Class and Visual Rhetoric

The new College English came in the mail today, and over lunch at campus, I took a quick turn through Dean Rader’s review article, “Composition, Visual Culture, and the Problems of Class.” My first reaction — which likely indicates that I need to go back and do a more careful reading — was that it made me a little grumpy. While I entirely agree that it’s “essential to see all manner of texts as valid objects of inquiry” (650), I’d assert — on a first, quick read — that “the connections” Rader perceives “among rhetoric, visual culture, and social and economic class” (650) are problematic. The two authors that Rader cites who write about “the Problem of Class” are Lynn Bloom and Fredric Jameson — and in the field of composition, that’s distressingly scant, particularly given the poorly researched and self-indulgent class bigotry of the Bloom essay that Rader describes as “thoroughly enjoyable” (640). Such lack of depth leads to the review essay’s more grave difficulty: its not-very-implicit equation (640) of the middle class with textual rhetoric and the working class with visual rhetoric, and subsequent contention (641) that arguments which “privilege the visual over the rhetorical” (do we assume that he here meant “textual” for “rhetorical”?) (641) have a particular class orientation.

There’s also the often-repeated ceci tuera cela argument I’ve griped about before: “visual culture is beginning to supplant print culture” (640). Is there too much culture in the world’s (apparently limited) cultural space? If we see an increase in the traffic of images, do we need to spin open the valves and bleed off some textuality in order to keep the culture pressure from going to condition red? Because most statistics seem to indicate a fairly consistent increase in global literacy.
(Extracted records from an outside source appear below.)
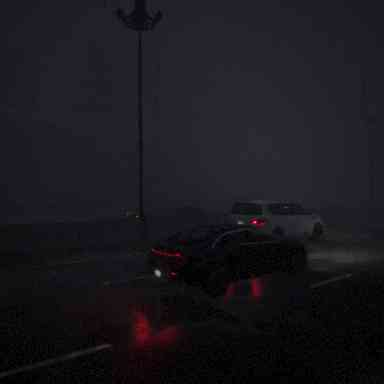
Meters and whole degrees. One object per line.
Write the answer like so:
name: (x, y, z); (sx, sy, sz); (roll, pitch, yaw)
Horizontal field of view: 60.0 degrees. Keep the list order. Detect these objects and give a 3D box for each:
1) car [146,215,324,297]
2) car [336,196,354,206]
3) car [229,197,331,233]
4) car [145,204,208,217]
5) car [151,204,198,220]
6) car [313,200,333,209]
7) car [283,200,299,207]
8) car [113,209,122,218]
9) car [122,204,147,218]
car: (1.145, 1.604, 8.953); (4.902, 1.511, 2.128); (0, -1, -38)
car: (25.877, 1.730, 56.167); (2.150, 2.045, 5.566); (-1, -1, 33)
car: (3.992, 1.392, 15.472); (5.566, 2.045, 2.150); (0, -1, -41)
car: (-0.833, 1.855, 25.695); (4.892, 1.490, 1.837); (0, -1, -41)
car: (-1.729, 1.997, 34.267); (4.674, 1.442, 1.812); (0, -1, -43)
car: (22.890, 2.103, 57.972); (2.033, 1.411, 5.357); (-1, -1, 33)
car: (19.755, 2.241, 66.173); (1.994, 1.385, 4.181); (-1, -1, 31)
car: (-5.944, 2.025, 35.161); (4.892, 1.490, 1.837); (0, -1, -42)
car: (-3.221, 1.931, 28.255); (4.674, 1.442, 1.812); (0, -1, -41)

Finally, there’s the piece’s pedagogical notion — well critiqued by John Walter — that we should teach students this stuff because they’re already skilled at it, because it’s easier for them to do, and because they like it better (638). This is a poor rationale upon which to structure one’s teaching. I’ll reiterate: yes, I wholeheartedly agree on the importance of bringing the composition and analysis of texts in various media and genres into the classroom. But the argument for that importance is one I’m not sure Dean Rader’s review article manages — on the basis of class — to make.

Still, as I said, this is a reaction based upon a first reading, and I hope I might yet be corrected. Clearly, I haven’t here done any close work with the body of Rader’s analysis; it’s simply, rather, that his assumptions about class give me pause, particularly when taken in conjunction with the (already, as he notes, strong) literature in composition on visual rhetoric. Right now, it’s back to Bourdieu, but I know I’ll likely need a break from Pierre at some point soon, so I hope to return to this article.